Optimization of operating parameters of MSF plants through automatic setpoint control

Abstract

Controllers in an MSF process are usually designed based on simplified process models, and the focus is on obtaining reasonable dynamic responses of process outputs for setpoint and load changes. The setpoints are normally fixed by the plant operator based on previous operating experience and perceived ideas about the operating condition of the plant. This manual setpoint adjustment can never be expected to result in an optimum running condition of the plant because of the complex processes taking place inside an MSF evaporator. Operating the plant at its optimal point means substantial savings in operating costs as well as increased safety and security of the plant. This can be achieved by on-line setpoint control. This paper describes the architecture of a typical on-line setpoint controller and the main components of the setpoint optimization system.
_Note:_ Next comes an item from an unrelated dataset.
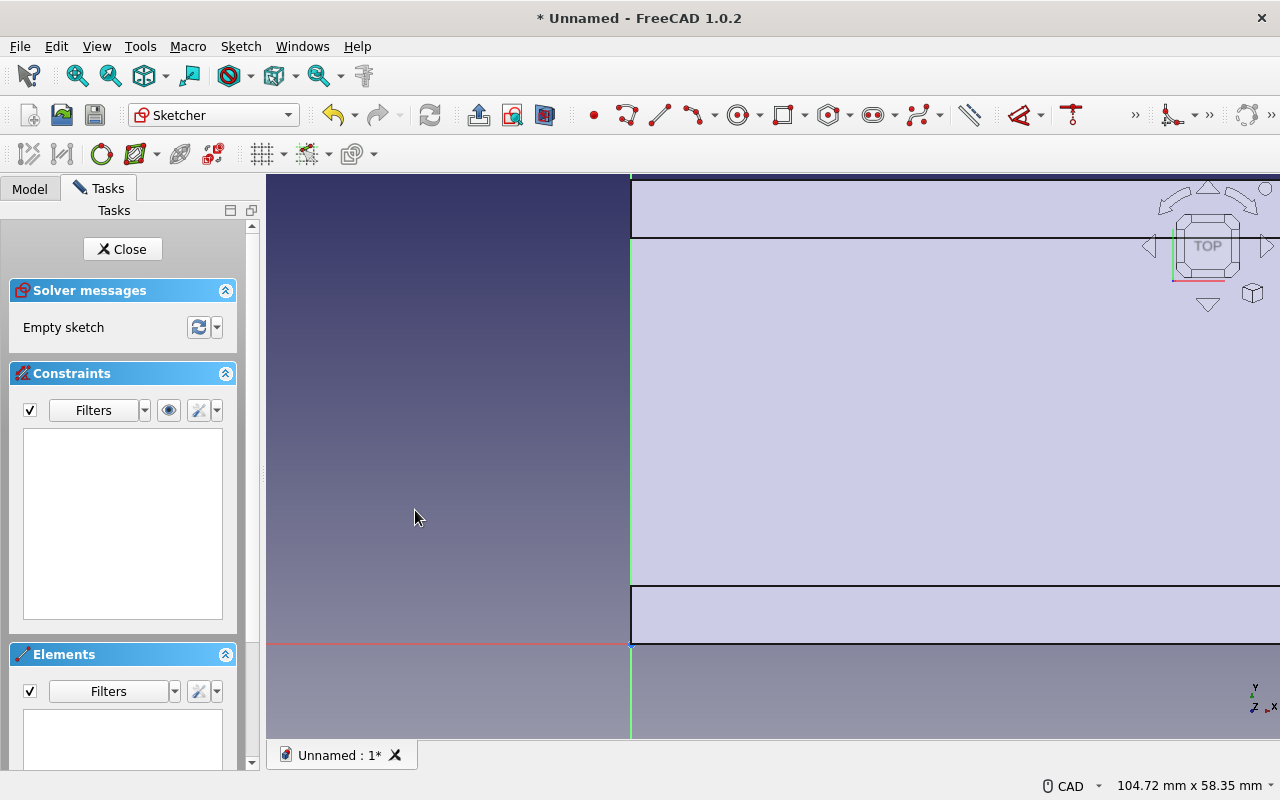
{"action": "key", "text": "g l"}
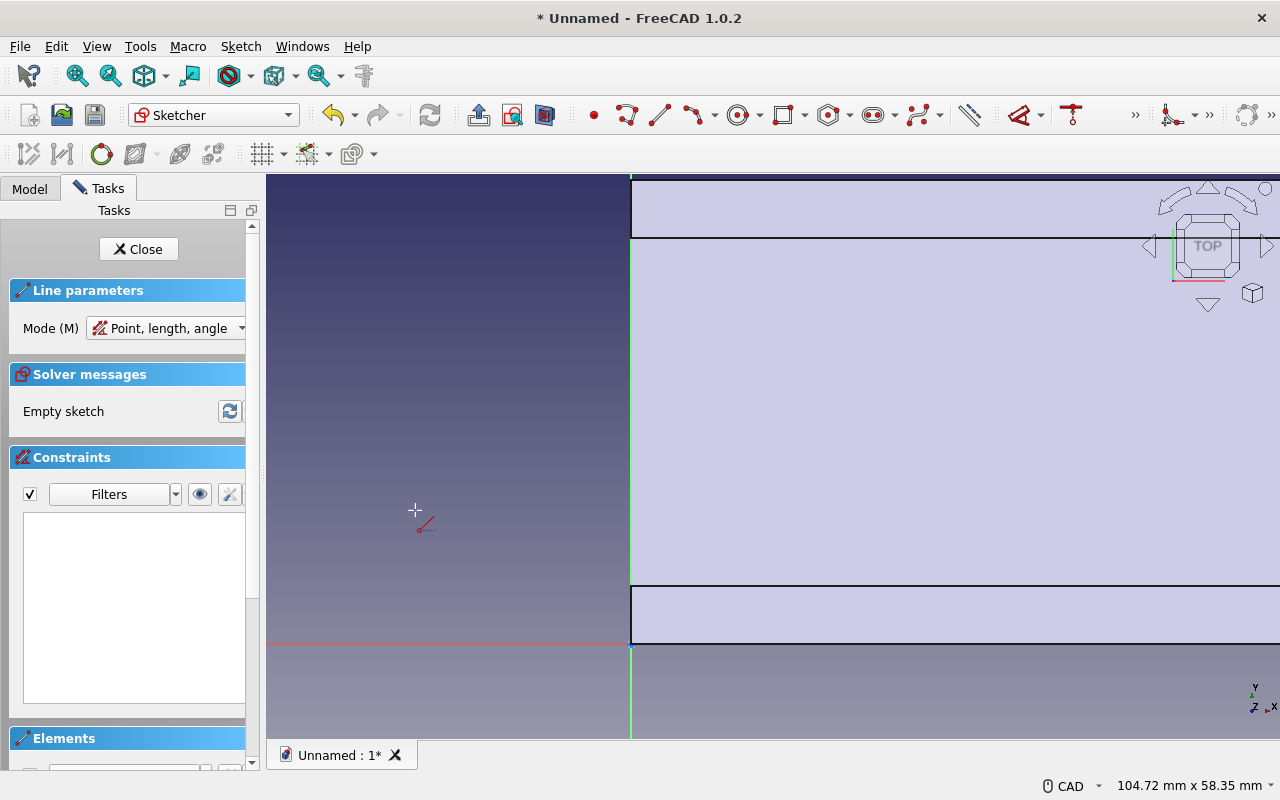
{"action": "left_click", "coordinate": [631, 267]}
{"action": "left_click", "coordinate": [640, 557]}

The mathematical model used for process steady-state simulation is explained, and the economic model for cost optimization is outlined. To demonstrate how the mathematical and economic models can be used to optimize the operating of a MSF plant, the MSF plant at UANE (Ext.) was selected. Typical design and cost parameters are used for this case study. It was shown that running the plant at operating conditions different from the optimal results in a substantial economic penalty. The economic penalty for not operating the plants at the optimum T max, for example, at a production level of 500 kg/s, the minimum operating cost was estimated at Dh 1.766 per ton with the optimum T max = 109.6°C. Operating the plant at 100°C instead of the optimum T max results in an increase of 6.9% in operation costs, thus incurring additional operating expenses of Dh 1.89 million per year.